Question

What is the product formed when acetylene reacts with hypochlorous acid :
(A) $C{H_3}COCl$
(B) $ClC{H_2}CHO$
(C) $C{l_2}CHCHO$
(D) $ClC{H_2}COOH$

Answer 1

Hint:In order to solve this question we need to see the complete analysis of the reaction when acetylene reacts with what happens when acetylene reacts with hypochlorous acid. To form $HCC{l_2} - C{(OH)_2}H$ after this the dehydration of water results in the final product.

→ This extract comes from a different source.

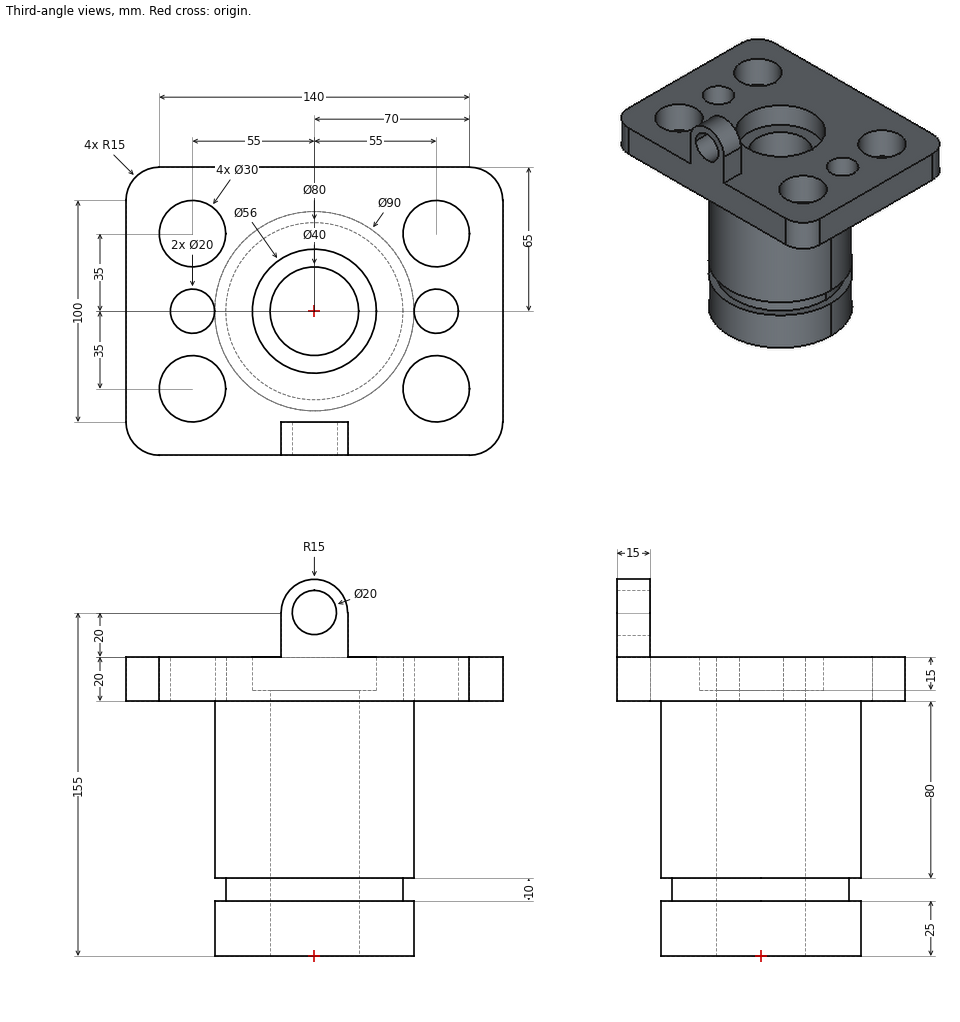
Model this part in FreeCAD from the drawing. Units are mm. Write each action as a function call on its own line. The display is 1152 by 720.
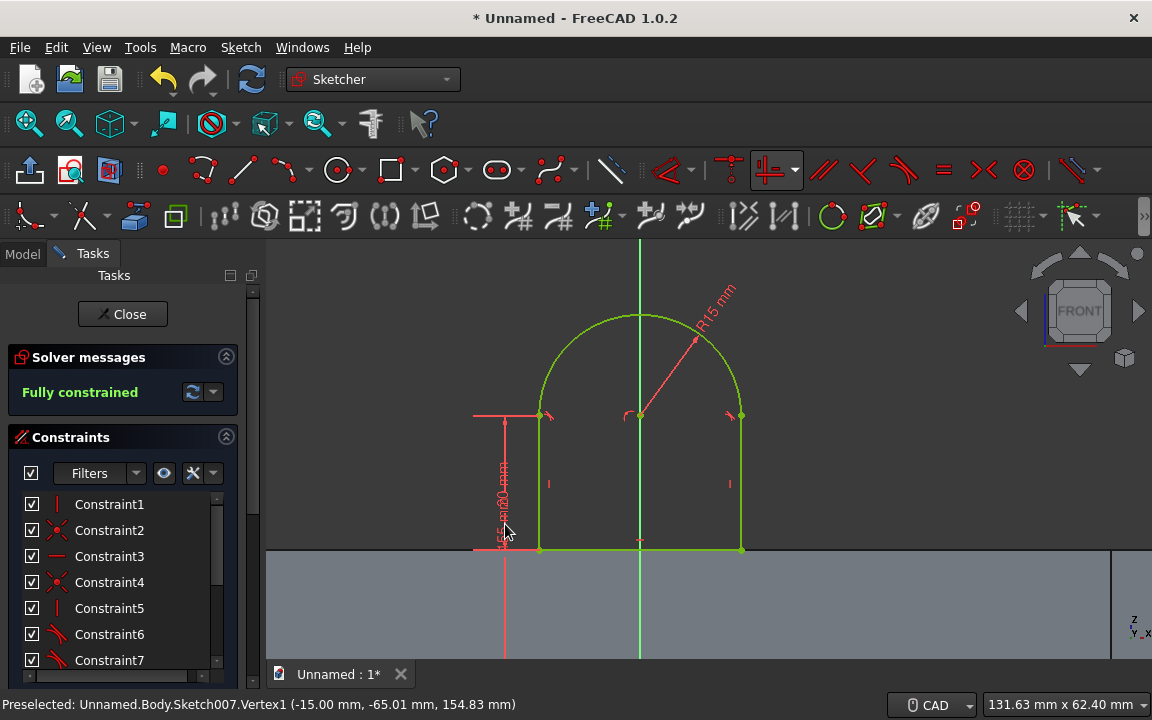
click(123, 314)

Complete step-by-step answer:For solving this question we need to have the knowledge of the reactants so first is acetylene whose formula is $HC \equiv CH$ and the second one is hypochlorous acid whose formula is $HOCl$ these two reacts with each other to form an intermediate whose formula is $HCC{l_2} - C{(OH)_2}H$ .
Now we will see it according to equation:
$HC \equiv CH + 2HOCl \to HCC{l_2} - C{(OH)_2}H$
This is the complete reaction in which a molecule of acetylene (IUPAC name ethyne) reacts with 2 mole of hypochlorous acid to form the intermediate.Now after the dehydration of this intermediate the final product is formed. So we will be seeing it by the reaction:
$HCC{l_2} - C{(OH)_2}H\xrightarrow{{ - {H_2}O}}HCC{l_2} - CHO$
So now we will be analyzing this final reaction and know what is the final product.So when this intermediate is dehydrated then our final product is gained which is di-chloro acetaldehyde.

Hence our final product is gained and the third option which is (C) is correct.

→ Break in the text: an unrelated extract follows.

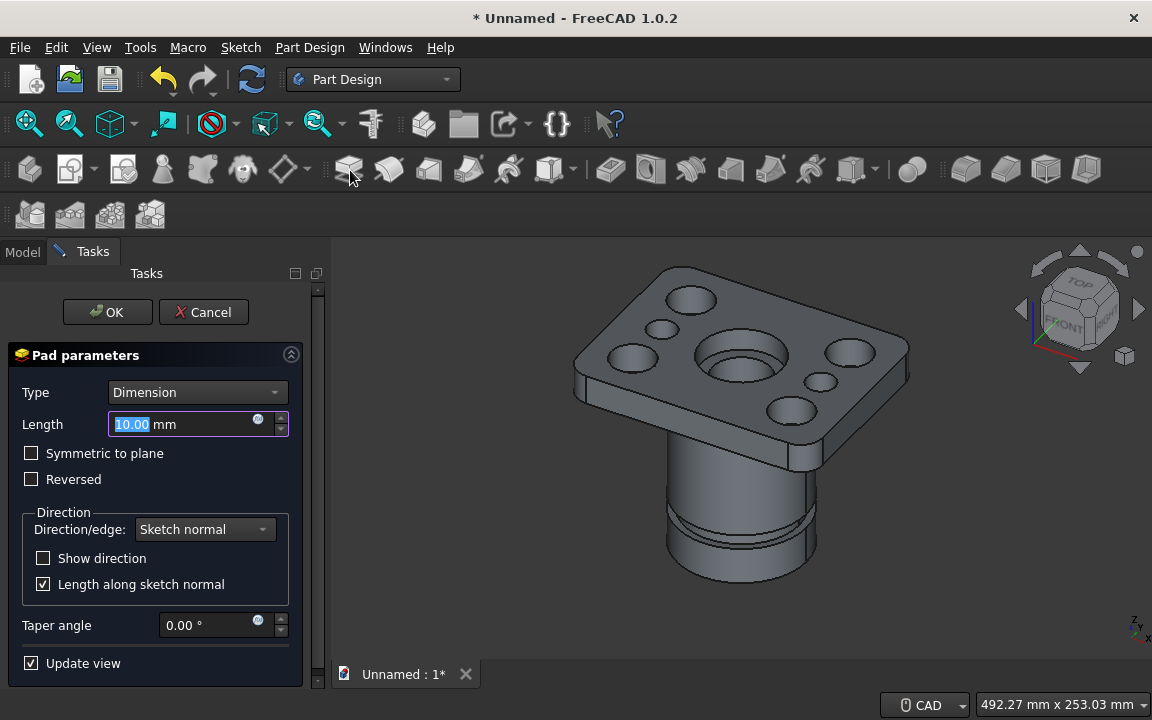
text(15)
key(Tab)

Note:In between the reaction when there is intermediate the reversible product mono acetaldehyde is also formed whose formula is $OHC - C{H_2}Cl$ .When the hypochlorous acid is attacking in the acetylene the –OH group attacks one carbon and joins in it and the Cl group is joined to another carbon and joins in that.So one bond is broken and the triple bond between two C is converted into a double bond.